You may recreate this plot using scatter_score().

In order to fully understand the features in the dataset driving the high OAR score in some cells, it will be necessary to annotate these with their biological context. This is more easily achieved within a Seurat object with the additional experimental details.

5. Wrapper functions and result interpretation

We can run this entire process with a single line. The result is the Seurat object with the OARscore, KW.pvalue, KW.BH.pvalue and sparsity values in the meta.data slot.

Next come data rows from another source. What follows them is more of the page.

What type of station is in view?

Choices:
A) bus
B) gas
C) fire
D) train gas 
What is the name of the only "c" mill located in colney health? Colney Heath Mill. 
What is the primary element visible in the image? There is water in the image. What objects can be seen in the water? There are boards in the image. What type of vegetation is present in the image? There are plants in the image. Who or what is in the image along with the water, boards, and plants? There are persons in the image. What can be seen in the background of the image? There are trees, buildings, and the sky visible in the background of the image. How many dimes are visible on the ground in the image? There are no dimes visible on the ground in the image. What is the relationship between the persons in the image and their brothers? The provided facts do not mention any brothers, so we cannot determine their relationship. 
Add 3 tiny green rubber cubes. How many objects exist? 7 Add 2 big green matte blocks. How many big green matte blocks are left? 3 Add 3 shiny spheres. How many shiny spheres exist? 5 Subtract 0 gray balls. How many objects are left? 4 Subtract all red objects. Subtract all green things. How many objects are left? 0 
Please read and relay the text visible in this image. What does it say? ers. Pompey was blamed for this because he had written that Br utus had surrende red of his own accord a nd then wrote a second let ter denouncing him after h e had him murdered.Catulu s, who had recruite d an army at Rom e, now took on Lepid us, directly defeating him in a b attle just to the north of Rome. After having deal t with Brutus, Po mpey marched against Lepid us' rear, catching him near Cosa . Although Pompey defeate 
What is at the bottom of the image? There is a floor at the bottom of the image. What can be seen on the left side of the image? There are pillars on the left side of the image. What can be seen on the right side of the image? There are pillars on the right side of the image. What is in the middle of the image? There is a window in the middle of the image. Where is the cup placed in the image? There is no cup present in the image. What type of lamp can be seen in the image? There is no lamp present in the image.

Additionally, genes are annotated by which gene co-expression patterns they have been included in sc.data@assays$RNA@meta.data.

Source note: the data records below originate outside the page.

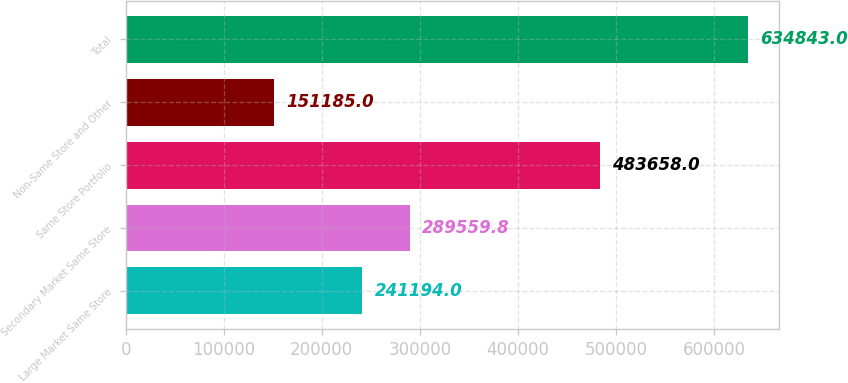Convert chart to OTSL. <chart><loc_0><loc_0><loc_500><loc_500><bar_chart><fcel>Large Market Same Store<fcel>Secondary Market Same Store<fcel>Same Store Portfolio<fcel>Non-Same Store and Other<fcel>Total<nl><fcel>241194<fcel>289560<fcel>483658<fcel>151185<fcel>634843<nl></chart> 
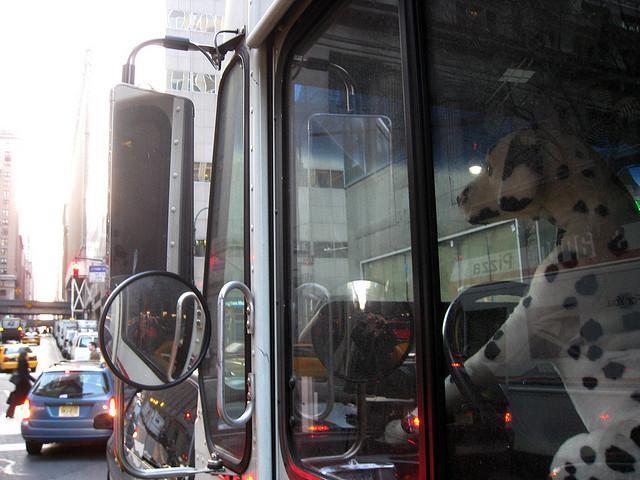Which lens is used in bus side mirror?
Indicate the correct response by choosing from the four available options to answer the question.
Options: Convex, pin point, cortex, concave. Convex. 
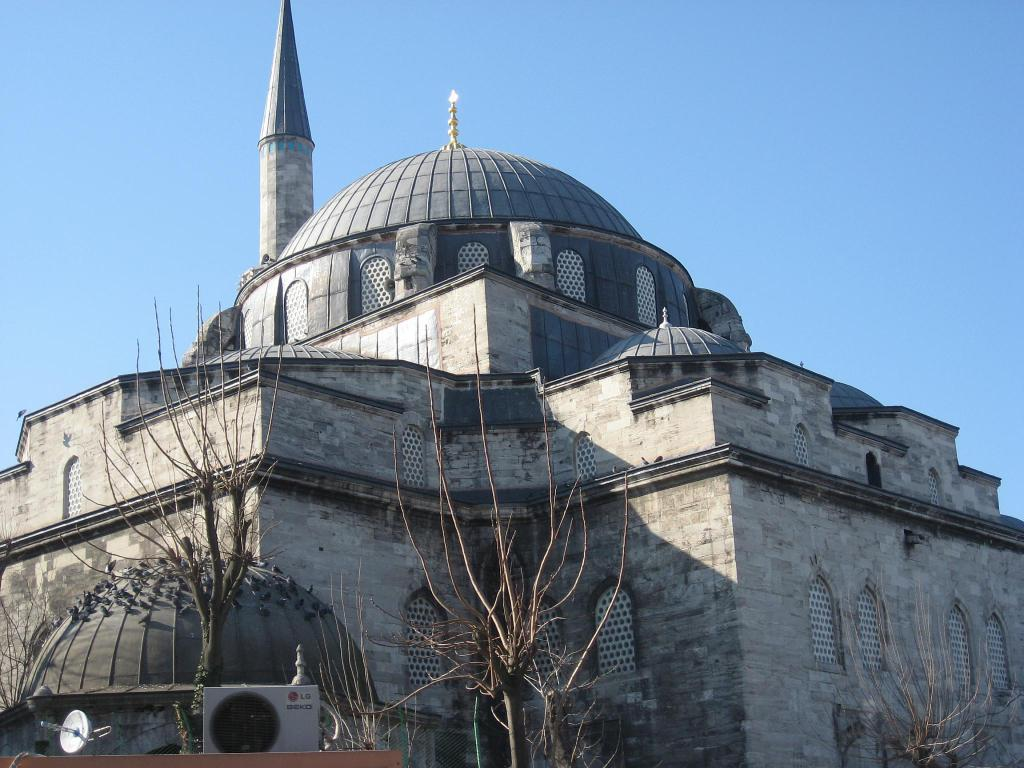What is the main subject of the image? The main subject of the image is an architecture. What can be seen in front of the architecture? There are dry trees in front of the architecture. What type of pollution is visible around the architecture in the image? There is no visible pollution around the architecture in the image. What kind of bread is being used to construct the architecture? The architecture is not made of bread; it is a solid structure. 
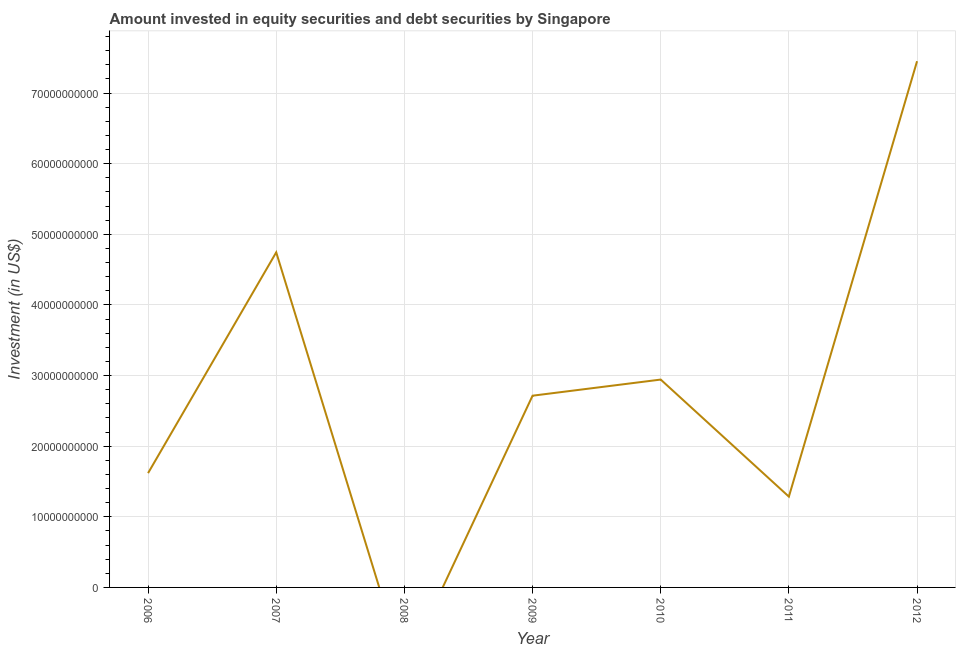What is the portfolio investment in 2012?
Offer a very short reply. 7.45e+1. Across all years, what is the maximum portfolio investment?
Your answer should be very brief. 7.45e+1. In which year was the portfolio investment maximum?
Offer a terse response. 2012. What is the sum of the portfolio investment?
Keep it short and to the point. 2.08e+11. What is the difference between the portfolio investment in 2007 and 2012?
Provide a short and direct response. -2.71e+1. What is the average portfolio investment per year?
Your answer should be compact. 2.97e+1. What is the median portfolio investment?
Offer a terse response. 2.72e+1. In how many years, is the portfolio investment greater than 28000000000 US$?
Give a very brief answer. 3. What is the ratio of the portfolio investment in 2009 to that in 2011?
Keep it short and to the point. 2.11. Is the portfolio investment in 2006 less than that in 2007?
Keep it short and to the point. Yes. Is the difference between the portfolio investment in 2009 and 2010 greater than the difference between any two years?
Provide a short and direct response. No. What is the difference between the highest and the second highest portfolio investment?
Make the answer very short. 2.71e+1. What is the difference between the highest and the lowest portfolio investment?
Make the answer very short. 7.45e+1. Does the portfolio investment monotonically increase over the years?
Provide a succinct answer. No. How many lines are there?
Give a very brief answer. 1. How many years are there in the graph?
Offer a terse response. 7. Does the graph contain any zero values?
Ensure brevity in your answer.  Yes. What is the title of the graph?
Provide a succinct answer. Amount invested in equity securities and debt securities by Singapore. What is the label or title of the X-axis?
Provide a succinct answer. Year. What is the label or title of the Y-axis?
Your answer should be compact. Investment (in US$). What is the Investment (in US$) of 2006?
Ensure brevity in your answer.  1.62e+1. What is the Investment (in US$) of 2007?
Give a very brief answer. 4.74e+1. What is the Investment (in US$) of 2008?
Ensure brevity in your answer.  0. What is the Investment (in US$) in 2009?
Your answer should be compact. 2.72e+1. What is the Investment (in US$) of 2010?
Your answer should be compact. 2.94e+1. What is the Investment (in US$) in 2011?
Keep it short and to the point. 1.29e+1. What is the Investment (in US$) in 2012?
Provide a short and direct response. 7.45e+1. What is the difference between the Investment (in US$) in 2006 and 2007?
Give a very brief answer. -3.13e+1. What is the difference between the Investment (in US$) in 2006 and 2009?
Your answer should be compact. -1.10e+1. What is the difference between the Investment (in US$) in 2006 and 2010?
Provide a succinct answer. -1.32e+1. What is the difference between the Investment (in US$) in 2006 and 2011?
Make the answer very short. 3.33e+09. What is the difference between the Investment (in US$) in 2006 and 2012?
Give a very brief answer. -5.83e+1. What is the difference between the Investment (in US$) in 2007 and 2009?
Provide a succinct answer. 2.03e+1. What is the difference between the Investment (in US$) in 2007 and 2010?
Your answer should be compact. 1.80e+1. What is the difference between the Investment (in US$) in 2007 and 2011?
Provide a succinct answer. 3.46e+1. What is the difference between the Investment (in US$) in 2007 and 2012?
Offer a very short reply. -2.71e+1. What is the difference between the Investment (in US$) in 2009 and 2010?
Offer a very short reply. -2.28e+09. What is the difference between the Investment (in US$) in 2009 and 2011?
Ensure brevity in your answer.  1.43e+1. What is the difference between the Investment (in US$) in 2009 and 2012?
Keep it short and to the point. -4.74e+1. What is the difference between the Investment (in US$) in 2010 and 2011?
Offer a very short reply. 1.66e+1. What is the difference between the Investment (in US$) in 2010 and 2012?
Make the answer very short. -4.51e+1. What is the difference between the Investment (in US$) in 2011 and 2012?
Provide a short and direct response. -6.17e+1. What is the ratio of the Investment (in US$) in 2006 to that in 2007?
Keep it short and to the point. 0.34. What is the ratio of the Investment (in US$) in 2006 to that in 2009?
Offer a very short reply. 0.6. What is the ratio of the Investment (in US$) in 2006 to that in 2010?
Your answer should be very brief. 0.55. What is the ratio of the Investment (in US$) in 2006 to that in 2011?
Provide a short and direct response. 1.26. What is the ratio of the Investment (in US$) in 2006 to that in 2012?
Keep it short and to the point. 0.22. What is the ratio of the Investment (in US$) in 2007 to that in 2009?
Your answer should be very brief. 1.75. What is the ratio of the Investment (in US$) in 2007 to that in 2010?
Ensure brevity in your answer.  1.61. What is the ratio of the Investment (in US$) in 2007 to that in 2011?
Offer a very short reply. 3.69. What is the ratio of the Investment (in US$) in 2007 to that in 2012?
Make the answer very short. 0.64. What is the ratio of the Investment (in US$) in 2009 to that in 2010?
Offer a terse response. 0.92. What is the ratio of the Investment (in US$) in 2009 to that in 2011?
Offer a terse response. 2.11. What is the ratio of the Investment (in US$) in 2009 to that in 2012?
Make the answer very short. 0.36. What is the ratio of the Investment (in US$) in 2010 to that in 2011?
Keep it short and to the point. 2.29. What is the ratio of the Investment (in US$) in 2010 to that in 2012?
Give a very brief answer. 0.4. What is the ratio of the Investment (in US$) in 2011 to that in 2012?
Offer a terse response. 0.17.

sc.data <- oar(data = sc.data, 
               seurat_v5 = T, count.filter = 1,
               blacklisted.genes = NULL, suffix = "",
               store.hamming = T,
               cores = 1)
#> Warning in oar(data = sc.data, seurat_v5 = T, count.filter = 1, blacklisted.genes = NULL, : Running process in fewer than 2 cores will considerably slow down progress
#> [1] "Extracting data..."
#> [1] "Extracting count tables"
#> [1] "Analysis started on:"
#> [1] "2025-12-10 18:16:55 UTC"
#> [1] "Identifying gene co-expression patterns..."
...

We set these parameters based on our earlier discussion:

  • seurat_v5 confirms the type of data being used. Defaults to TRUE.
  • count.filter controls the minimum percentage of cells expressing any given gene for that gene to be retained in the analysis. Defaults to 1.
  • blacklisted.genes Allows you to provide a vector of uninformative gene names (i.e. non-conding genes) to exclude from the analysis. Defaults to NULL.
  • suffix Allows you to provide a character string to avoid overwriting previous OAR calculations. Defaults to NULL.
  • store.hamming allows you to store the calculated hamming distances for pattern matching in your Seurat object for faster re-calculation of the scores if you need to alter other parameters later (found in oar_obj[["RNA"]]@misc). Defaults to TRUE.

You can use a similar approach to analyse the data cluster by cluster - recommended when you have multiple cell types - or separated by another variable in your data. In that case, use oar_by_factor() and see vignette("OAR_Factor") for more details.

Interpreting high OAR scores

To explore which cells/clusters display transcriptional shifts, we can project the scores to our UMAP using Seurat::FeaturePlot(). Notice that cells with a high OAR score in this dataset cluster together. In fact, in this case, high OAR scoring cells represent the most activated cells in the experiment, as can be seen when we examine IFNA1, which is expressed in activated plasmacytoid dendritic cells.

library(Seurat)
#> Loading required package: SeuratObject
#> Loading required package: sp
#> 'SeuratObject' was built under R 4.5.0 but the current version is
#> 4.5.2; it is recomended that you reinstall 'SeuratObject' as the ABI
#> for R may have changed
#> 'SeuratObject' was built with package 'Matrix' 1.7.3 but the current
#> version is 1.7.4; it is recomended that you reinstall 'SeuratObject' as
#> the ABI for 'Matrix' may have changed
#> 
#> Attaching package: 'SeuratObject'
#> The following objects are masked from 'package:base':
#> 
#>     intersect, t
p1 <- FeaturePlot(
  sc.data, features = c("OARscore","IFNA1"), order = T, pt.size = 0.5, 
  min.cutoff = "q40", max.cutoff = "q90", slot = "counts")
p1
Feature plot of OAR score

Feature plot of OAR score

Thus, in this dataset we are able to identify highly activated cells with a cluster agnostic approach. We provide additional tutorials to identify genes associated with a high OAR score (see: vignette("Gene_expression")). We have also seen datasets where high scores are associated with biological variation that may be removed from the analysis to glean additional insights into the populations of cells studied. These can be achieved by passing OARscore to vars.to.regress in Seurat::SCTransform().